RABATI

Rabati

La forteresse Rabati  (Région de Samtskhé-Djavakhétie)

C’est la vieille ville historique d’Akhaltsikhé.  Rabati s’étale sur la colline sur la rive gauche de la Potskhovi, on peut voir la forteresse au sommet d’un piton.  La forteresse a été construite au XIIe siècle. Elle avait l’apparence d’un château fort ottoman (avec des bâtiments des XVIe-XVIIe siècles), jusqu’à ce qu’elle a soit entièrement réhabilitée en 2012. Reconstruit dans un style nouveau plus que rénové à l’identique, le site initial a été largement remanié : fontaine, balcons, éléments folkloriques modernes adjoints aux bâtiments d’origine. Les tours qu’on peut voir à présent sont pour la plupart une construction de 2012 et non des bâtiments d’origine. En somme, le château de Rabati revêt aujourd’hui les apparences du rêve d’un château ottoman de Géorgie par le pouvoir politique des années 2000. Quoiqu’on puisse dire de l’authenticité de ces travaux de réhabilitation, c’est à présent un site prisé des Géorgiens, très agréable avec son bassin très oriental agrémenté de sa galerie en arabesques. En dehors des murailles et des tours, le site contient une mosquée et les ruines d’une madrassa (école islamique). Il abrite également le musée d’Histoire de Samtskhé-Djavakhétie et d’art Ivané Djavakhichvili, où l’on peut voir une belle collection de tapis, des reliefs du monastère Sapara et un manuscrit du Chevalier à la peau de tigre de Chota Roustavéli datant du XVIe siècle. La forteresse est ouverte de 10h à 17h du mardi au samedi.
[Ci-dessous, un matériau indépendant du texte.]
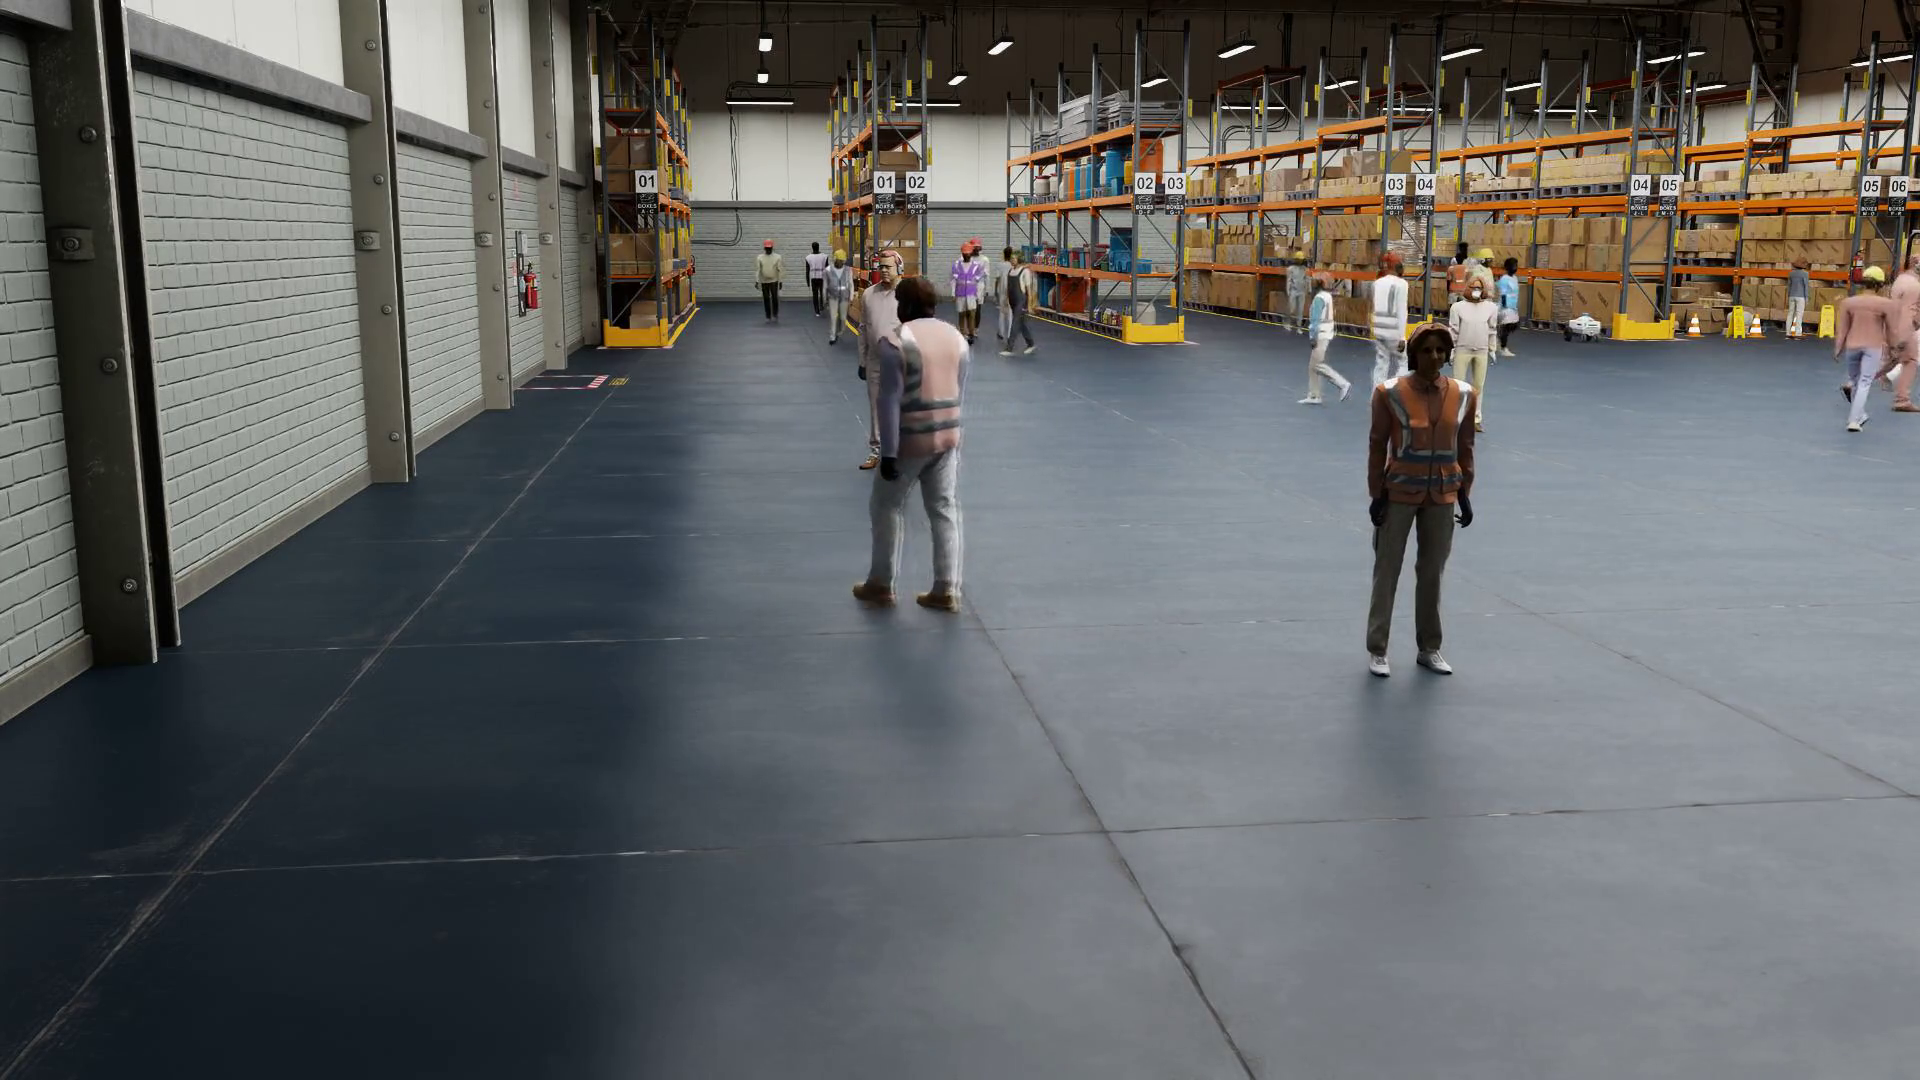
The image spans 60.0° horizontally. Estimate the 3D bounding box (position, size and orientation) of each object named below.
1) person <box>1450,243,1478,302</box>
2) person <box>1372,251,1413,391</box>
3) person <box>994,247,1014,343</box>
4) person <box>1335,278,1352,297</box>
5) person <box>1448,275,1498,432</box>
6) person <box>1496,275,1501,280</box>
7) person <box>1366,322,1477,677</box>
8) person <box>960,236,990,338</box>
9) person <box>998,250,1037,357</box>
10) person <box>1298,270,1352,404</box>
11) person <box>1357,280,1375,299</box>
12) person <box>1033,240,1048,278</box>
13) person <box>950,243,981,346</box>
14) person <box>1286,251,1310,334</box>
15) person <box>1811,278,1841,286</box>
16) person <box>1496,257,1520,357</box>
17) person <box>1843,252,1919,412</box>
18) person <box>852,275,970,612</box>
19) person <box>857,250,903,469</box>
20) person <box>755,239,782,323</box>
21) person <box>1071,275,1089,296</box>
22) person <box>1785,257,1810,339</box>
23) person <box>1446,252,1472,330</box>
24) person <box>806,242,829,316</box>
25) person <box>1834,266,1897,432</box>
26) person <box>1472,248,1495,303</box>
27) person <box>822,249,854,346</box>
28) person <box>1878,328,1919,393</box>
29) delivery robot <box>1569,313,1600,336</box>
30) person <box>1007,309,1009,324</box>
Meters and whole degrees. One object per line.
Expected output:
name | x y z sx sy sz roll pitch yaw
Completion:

En continuant tout droit après la forteresse (dont on peut faire le tour pour avoir une vue plongeante sur la rivière), on voit sur la gauche l’église orthodoxe, datant du XIXe. Sur le chemin, on peut voir en bien mauvais état une autre madrassa. Si l’on gravit les rues entourées de darbazébi, ces maisons à terrasses traditionnelles, datant pour la plupart du XIXe siècle, on arrive en haut aux ruines d’une ancienne église arménienne.

En passant devant et en redescendant sur la droiteon passe devant une ancienne synagogue. Si l’on parvient à trouver l’église catholique abandonnée, un peu plus bas, puis en remontant sur la gauche, on aura vraiment un flair à toute épreuve. Difficile de s’orienter dans ces petites ruelles endommagées, mais on trouvera toujours un impressionnant vestige du passé au détour d’un croisement. La vie de village endormi qui hante à présent ce quartier fait sans doute partie du clou de la visite.